The main idea is that many times you can write a function as a product of other, simpler functions. This is the same as with factorization of polynomials, where you can factor a polynomial in terms of very simple functions like $x^2-1 = (x+1)(x-1)$. Because the right hand side is a product of two functions, it can only be zero when either $x+1=0$ or $x-1=0$.

Going all the way, if you have a nice function $f(z)$ (no poles and differentiable), you can factorize it as $g(z)=f(z) (z-a_1)(z-a_2)...$, where $\{a_i\}$ is a set of complex numbers (possibly repeated), and $f(z)$ is a function with no zeros. In particular, $f(z)$ will be either a constant or a product of $e^{(z^k)}$'s. This is the Weierstrass factorization theorem. A lot of the time however, the $f(z)$ will just be a constant, meaning that most of information needed to define the function is located with where the zeros are, and their multiplicity (the number of repeats of a zero in the above factorization). There are technicalities to worry about, but I'll skip them for clarity.
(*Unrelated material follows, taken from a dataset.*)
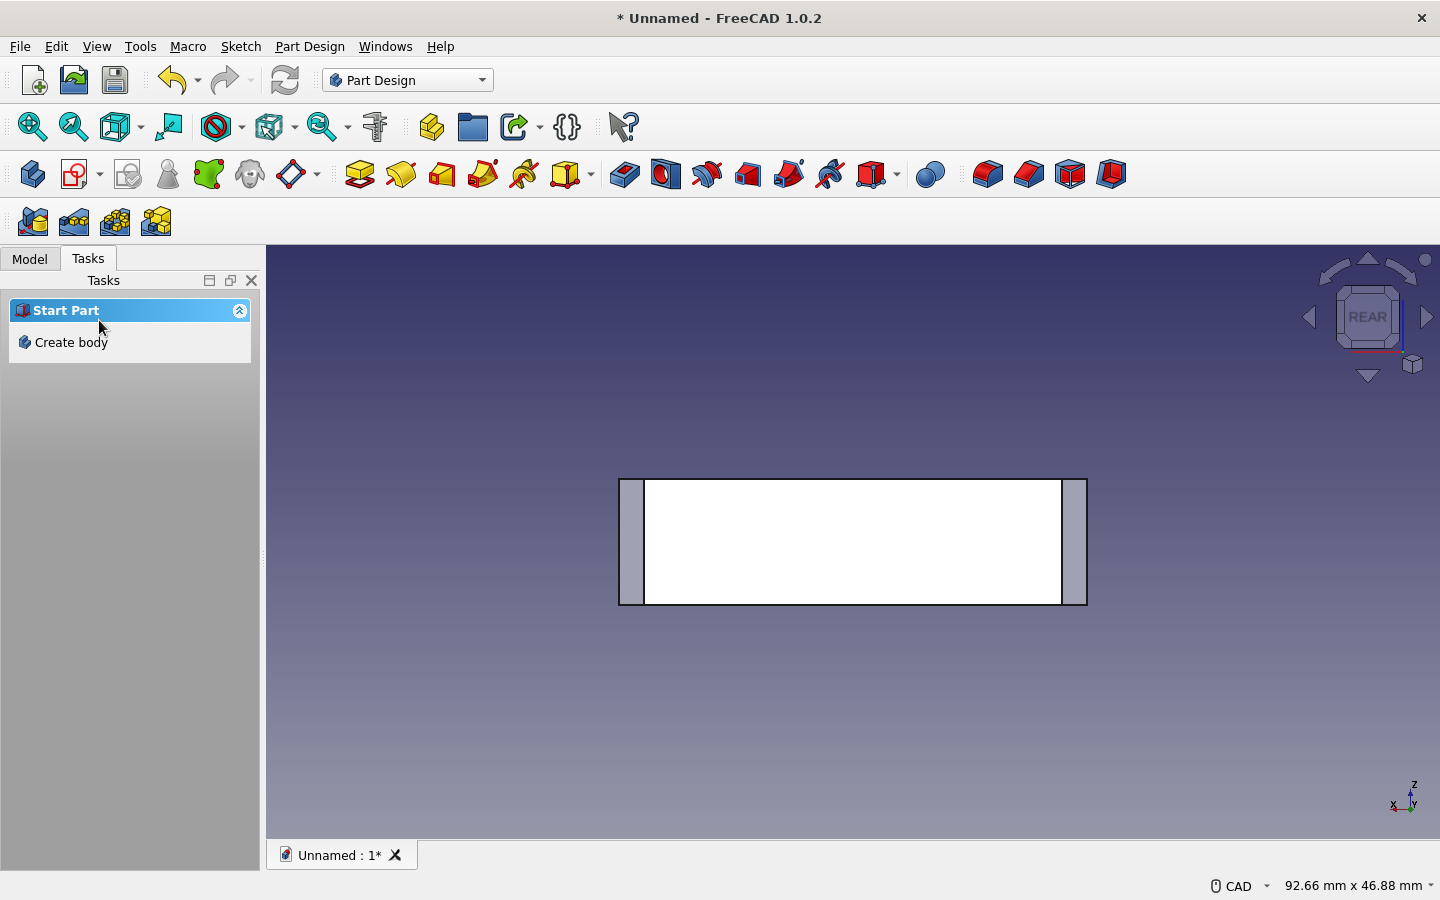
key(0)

In the case of the Riemann-Zeta function $\zeta(z)$, the point at which primes and the importance of zeros comes into play is when you write the function as a product. $\zeta(z)$ is defined at the start as:

$$\zeta(z) = \sum_{n=1}^{\infty} \frac{1}{n^z}$$

So $\zeta(2) = 1+\frac{1}{2^2}+\frac{1}{3^2}+\frac{1}{4^2}+...=\frac{\pi^2}{6}$. Making a product out of it gives (after some clever tricks):

$$\zeta(z) = \prod_{\mbox{$p$ prime}} \frac{1}{1-p^{-z}}=\frac{1}{1-2^{-z}}\frac{1}{1-3^{-z}}\frac{1}{1-5^{-z}}...$$

So zeros of the zeta function become related to the prime numbers (although not in a straight forward manner since the factors above are not simple like $(z-c)$). There are more details left out, for instance the definition of $\zeta(z)$ has to be extended here, but this is where it starts.

If you get into complex analysis, you'll be able to solve integrals and sums that you couldn't do otherwise. Like getting that answer of $\frac{\pi^2}{6}$, I found out how that was calculated in a complex analysis class (it involved factorizing $\sin(z)/z$).